La destruction d’une structure servant de couverture à un ennemi pour tirer sur les forces de l’autre partie pendant un combat actif peut constituer un objectif légitime. Cette application tactique ne s’applique pas dans les cas recensés ici, car, au moment des démolitions, les forces israéliennes contrôlaient les zones et les combats avaient en grande partie cessé. Même lorsque la destruction peut servir un objectif militaire légitime, l’étendue de cette destruction et la méthode employée à cette fin sont limitées par le principe de proportionnalité ainsi que par d’autres dispositions du droit international humanitaire, y compris celles régissant les occupations militaires.
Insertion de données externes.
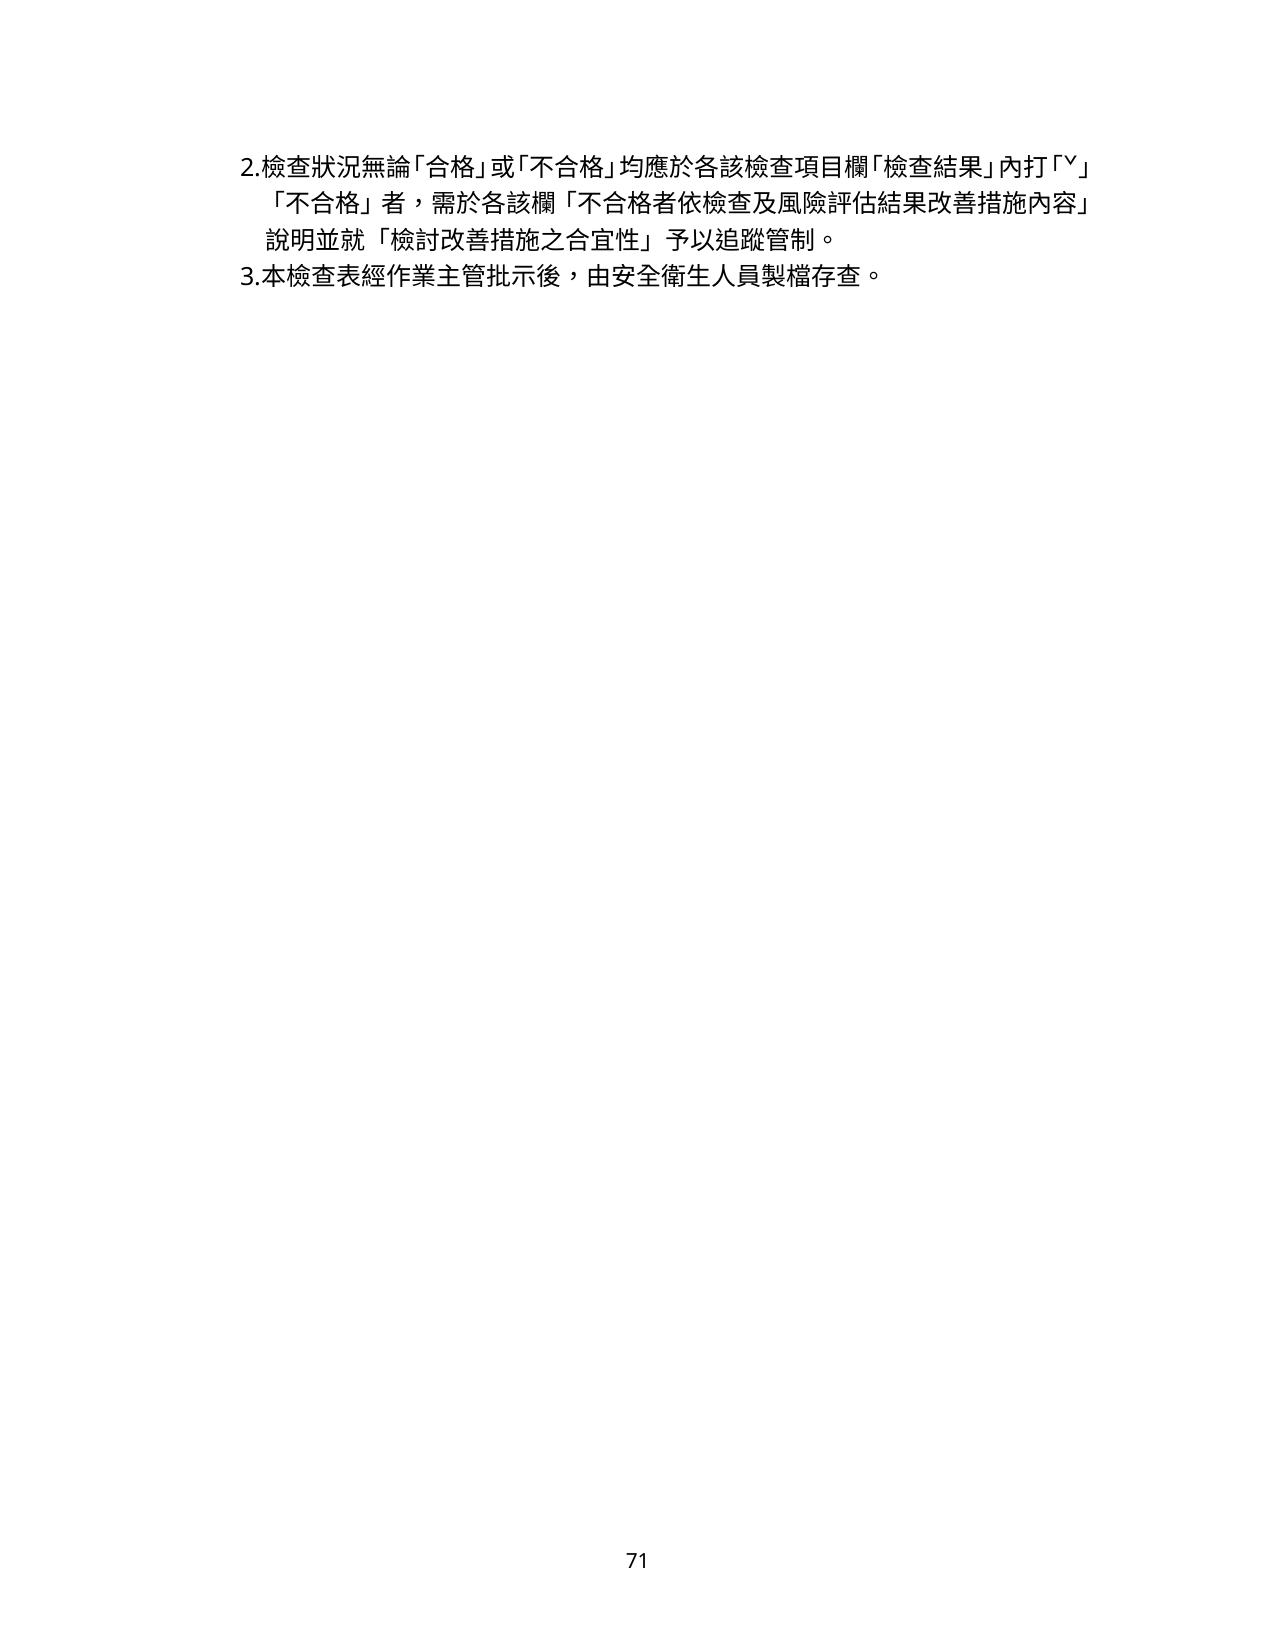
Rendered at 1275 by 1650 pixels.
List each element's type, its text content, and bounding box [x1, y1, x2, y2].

text 3.本檢查表經作業主管批示後，由安全衛生人員製檔存查。 [240, 256, 1098, 293]
text 2.檢查狀況無論「合格」或「不合格」均應於各該檢查項目欄「檢查結果」內打「ˇ」；「不合格」者，需於各該欄「不合格者依檢查及風險評估結果改善措施內容」說明並就「檢討改善措施之合宜性」予以追蹤管制。 [240, 148, 1098, 256]

Si l’armée israélienne pensait qu’il était nécessaire du point de vue militaire d’établir une « zone tampon » afin de protéger sa population en Israël des attaques de groupes armés, il semble qu’il existait d’autres solutions sur le territoire israélien, qui respecteraient le droit international humanitaire et les obligations d’Israël en tant que puissance occupante, pour parvenir à cet objectif. Ces autres solutions, bien que viables, n’ayant pas été envisagées, aucun objectif militaire légitime ne saurait justifier l’ampleur de ces destructions, massives et systématiques. Ces destructions injustifiées doivent donc faire l’objet d’une enquête pour crime de guerre. Compte tenu des éléments démontrant que certaines destructions d’habitations et d’autres biens de caractère civil visaient à punir des civil·e·s pour des attaques de groupes armés, ces agissements doivent également faire l’objet d’une enquête pour le crime de guerre de sanction collective.
En 2003, dans un avis consultatif, la Cour internationale de justice (CIJ) a conclu que la construction par Israël du mur sur le territoire de la Cisjordanie occupée était illégale. La CIJ a souligné que les mesures de sécurité prises par Israël doivent être conformes aux obligations qui lui incombent en vertu du droit international humanitaire, y compris en tant que puissance occupante, et du droit international relatif aux droits humains. Pour assurer cette conformité, Israël doit notamment envisager des solutions alternatives de construction en territoire israélien qui déplaceraient moins de civil·e·s, et offrir des réparations équitables aux civil·e·s ayant perdu des biens et des moyens de subsistance.
L’utilisation militaire antérieure de structures civiles ne justifie pas à elle seule la démolition de biens de caractère civil, et encore moins la destruction massive de quartiers entiers et de terres agricoles nécessaires à l’alimentation de la population civile.